Woman uses t-shirt cannon to fire contraband into Oklahoma prison…

Sneaking contraband into prisons has always been a problem for jailers and inmates alike. In the Johnny Cash diddy, “I’ve Got Stripes,” Cash sings about his mother coming to see him in prison on a Monday only to be caught with a file on a Tuesday. But since that song was released in 1959, not only has the coveted contraband changed, but also the methods of delivery. As Kerri Jo Hickman understands, modern problems require modern solutions.

Via The Washington Post…

Kerri Jo Hickman didn’t cut corners while crafting her care packages.

Cellphones, chargers, ear buds and digital scales, were all crammed tight into plastic bottles. They contained tobacco, methamphetamine and marijuana, too. Officials say she was ready to deliver the goods on March 10 and drove the items to the North Fork Correction Center in Sayre, Okla., more than 120 miles west of Oklahoma City.

Aiming a T-shirt cannon from the window of her vehicle, Hickman fired one of the contraband-filled bottles over the prison fence, Matt Elliot, spokesman for the Oklahoma Department of Corrections, told The Washington Post. The aerial drop-off was immediately noticed by prison staff, who reportedly saw the package “fly out of the vehicle” and onto prison grounds, where it landed near a housing unit.

I wonder what type of T-shirt cannon she used? Was it a simple handheld device like Spencer used that day he operated the canon for Energy FC, or a fully-automatic Balon Blaster like Rumble used in the Peak?

The article goes on to describe how Kerri Jo high-tailed it onto I-40, where she was pulled over by OHP, caught with the T-shirt cannon, and arrested on the spot. As someone who has successfully escaped Western Oklahoma, I’m here to tell you that a little more planning is needed if you’re going to make a clean get away.
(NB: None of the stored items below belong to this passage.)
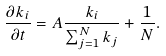<formula> <loc_0><loc_0><loc_500><loc_500>\frac { \partial k _ { i } } { \partial t } = A \frac { k _ { i } } { \sum _ { j = 1 } ^ { N } k _ { j } } + \frac { 1 } { N } .</formula> 
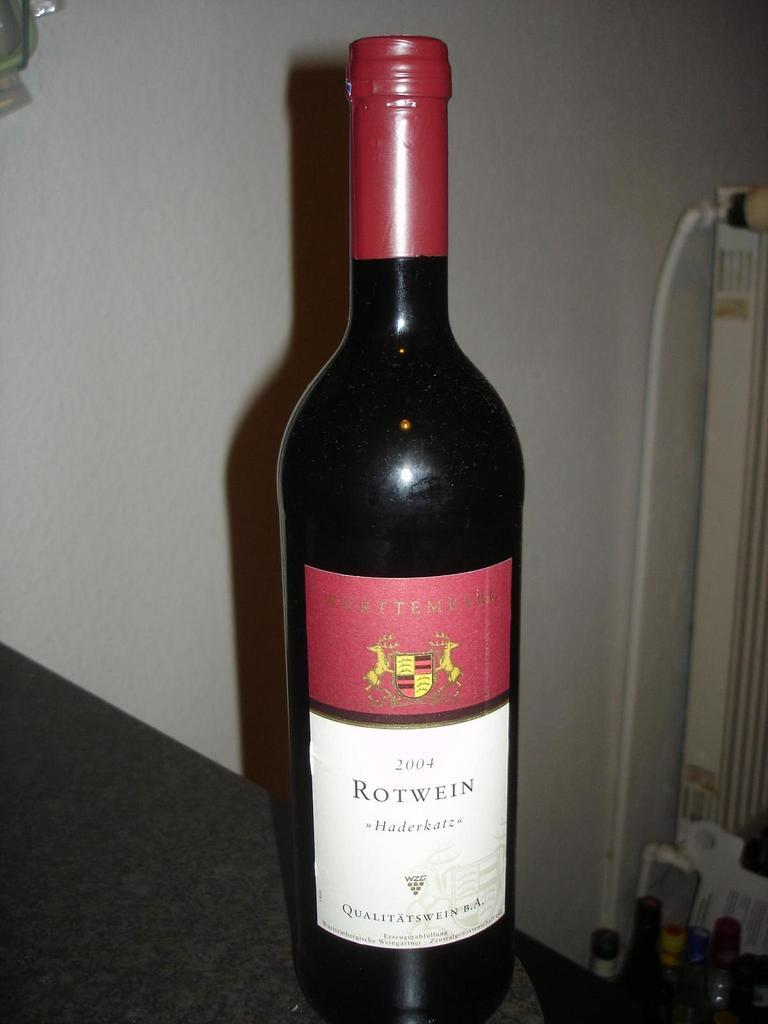What is written after rotwein?
Make the answer very short. Haderkatz. 
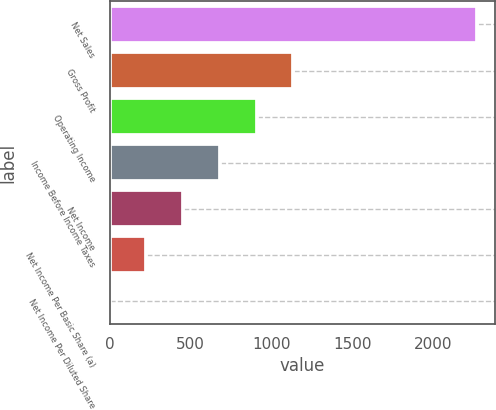<chart> <loc_0><loc_0><loc_500><loc_500><bar_chart><fcel>Net Sales<fcel>Gross Profit<fcel>Operating Income<fcel>Income Before Income Taxes<fcel>Net Income<fcel>Net Income Per Basic Share (a)<fcel>Net Income Per Diluted Share<nl><fcel>2268<fcel>1134.23<fcel>907.48<fcel>680.73<fcel>453.98<fcel>227.23<fcel>0.48<nl></chart> 
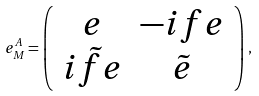<formula> <loc_0><loc_0><loc_500><loc_500>e ^ { A } _ { M } = \left ( \begin{array} { c c } e & - i f e \\ i \tilde { f } e & \tilde { e } \end{array} \right ) \, ,</formula> 
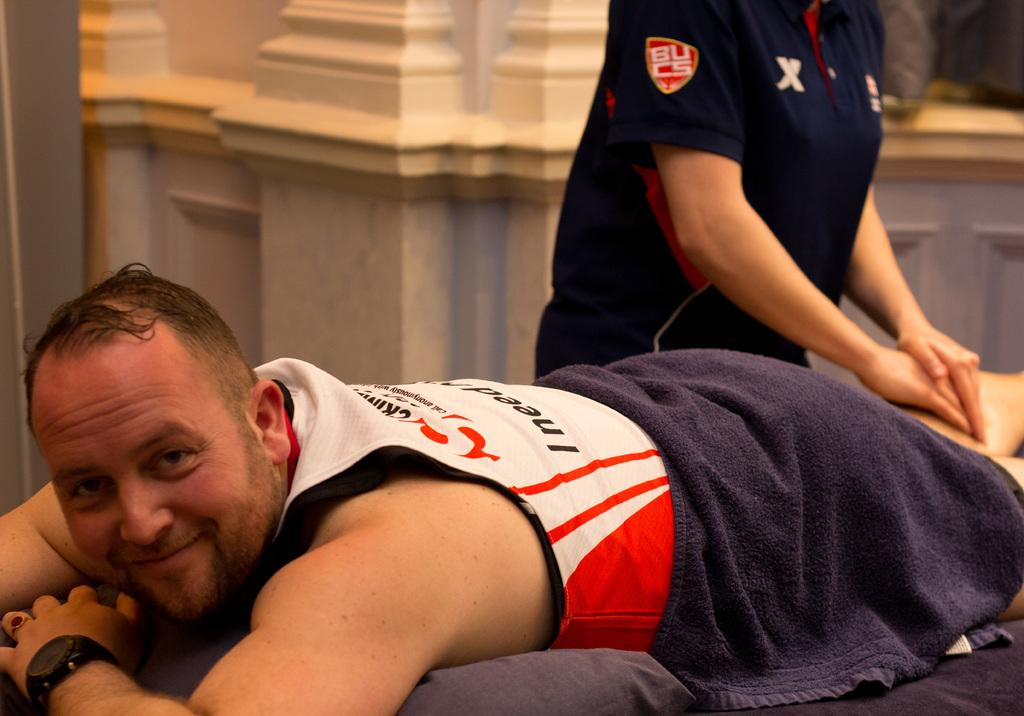What is the main subject of the image? There is a person lying on the bed in the image. What items can be seen on the bed? There is a pillow and a towel on the bed. Can you describe the background of the image? There is another person in the background of the image, and there is a wall visible in the background. What type of bait is being used by the kitty in the image? There is no kitty present in the image, so there is no bait being used. 
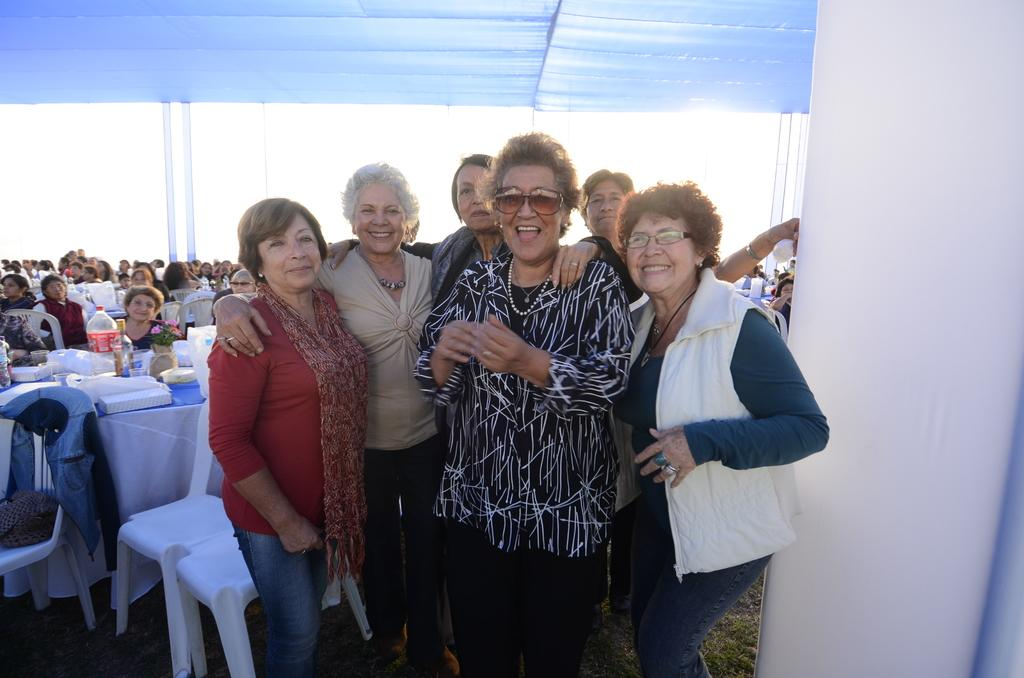What is the general activity of the people in the image? There is a group of people standing and another group sitting on chairs in the image. What is the facial expression of the people in the image? The people in the image are smiling. What can be seen on the tables in the image? There are objects on the tables in the image. What type of throne can be seen in the image? There is no throne present in the image. Can you tell me the total cost of the items on the receipt in the image? There is no receipt present in the image. 
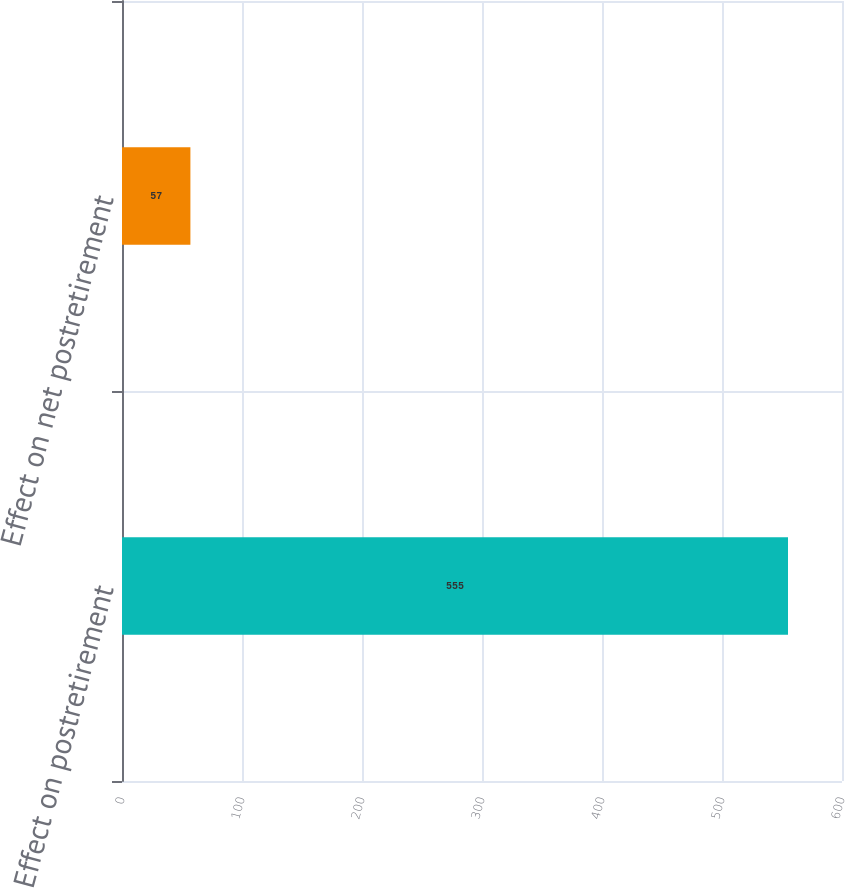<chart> <loc_0><loc_0><loc_500><loc_500><bar_chart><fcel>Effect on postretirement<fcel>Effect on net postretirement<nl><fcel>555<fcel>57<nl></chart> 
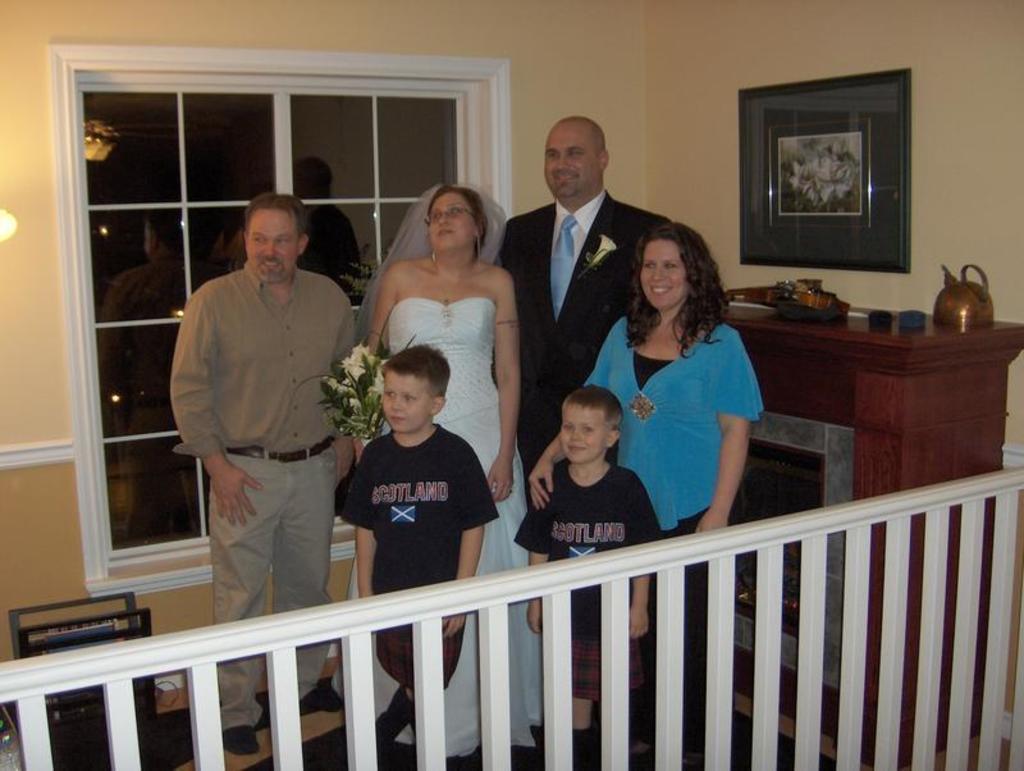Describe this image in one or two sentences. There are people standing and we can see some objects on table. Background we can see frame on wall,window and light. Here we can see fence. 
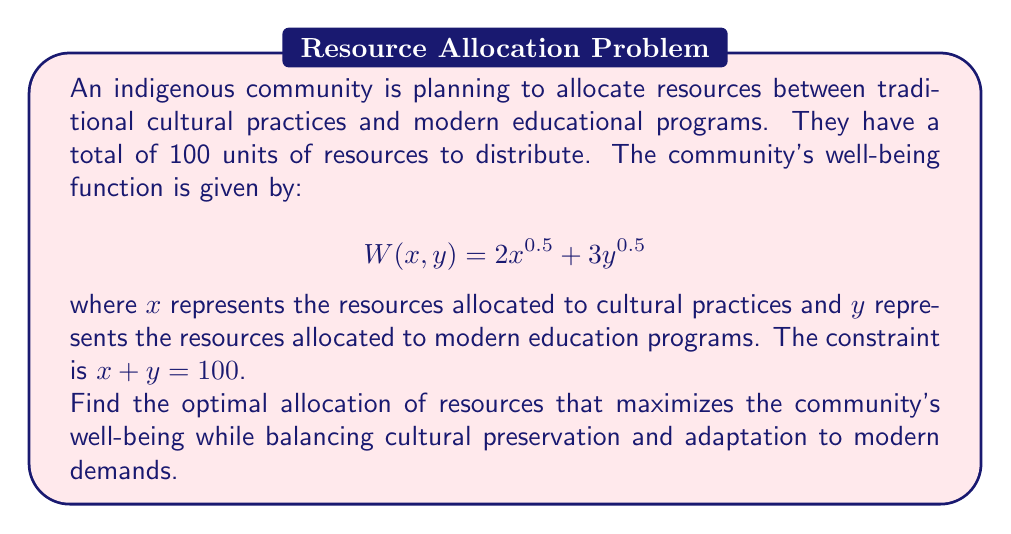Can you answer this question? To solve this optimization problem, we can use the method of Lagrange multipliers:

1. Define the Lagrangian function:
   $$L(x, y, \lambda) = 2x^{0.5} + 3y^{0.5} + \lambda(100 - x - y)$$

2. Take partial derivatives and set them equal to zero:
   $$\frac{\partial L}{\partial x} = x^{-0.5} - \lambda = 0$$
   $$\frac{\partial L}{\partial y} = \frac{3}{2}y^{-0.5} - \lambda = 0$$
   $$\frac{\partial L}{\partial \lambda} = 100 - x - y = 0$$

3. From the first two equations:
   $$x^{-0.5} = \lambda$$
   $$\frac{3}{2}y^{-0.5} = \lambda$$

4. Equate these:
   $$x^{-0.5} = \frac{3}{2}y^{-0.5}$$

5. Simplify:
   $$y = \frac{9}{4}x$$

6. Substitute into the constraint equation:
   $$x + \frac{9}{4}x = 100$$
   $$\frac{13}{4}x = 100$$
   $$x = \frac{400}{13} \approx 30.77$$

7. Calculate y:
   $$y = 100 - x = 100 - \frac{400}{13} = \frac{900}{13} \approx 69.23$$

Therefore, the optimal allocation is approximately 30.77 units to cultural practices and 69.23 units to modern education programs.
Answer: The optimal allocation is $x = \frac{400}{13} \approx 30.77$ units for cultural practices and $y = \frac{900}{13} \approx 69.23$ units for modern education programs.

Kerri Jo not only shot her cannon in broad daylight and in full view of the prison staff, uut she also neglected to ditch her t-shirt cannon before hitting the road. I think I put more planning and effort into making it out of Beckham County without being dragged to church by my parents on a weekend visit than Kerri Jo did to try to escape without being dragged to jail.

Elliot said he’s seen people use all sorts of methods to sneak contraband into prisons, but Hickman’s alleged use of a T-shirt cannon was unusual. He called the smuggling of illicit items into correctional facilities a “sinister” problem that can perpetuate prison fights and lead to corruption among staff members.

Cellphones are particularly problematic as they are often used by prisoners to orchestrate future drops. The method allegedly used by Hickman, he added, was a “novel approach to a bad idea.

This “novel approach” led Kerri Jo to be charged with drug trafficking, smuggling contraband, and conspiracy and booked into the Beckham County Jail. Which goes to show that something innovative isn’t always effective. Now, Johnny Cash wrote many ballads that empathized with the plight of the imprisoned. But I think even Cash would have a hard time understanding what in the hell she was thinking.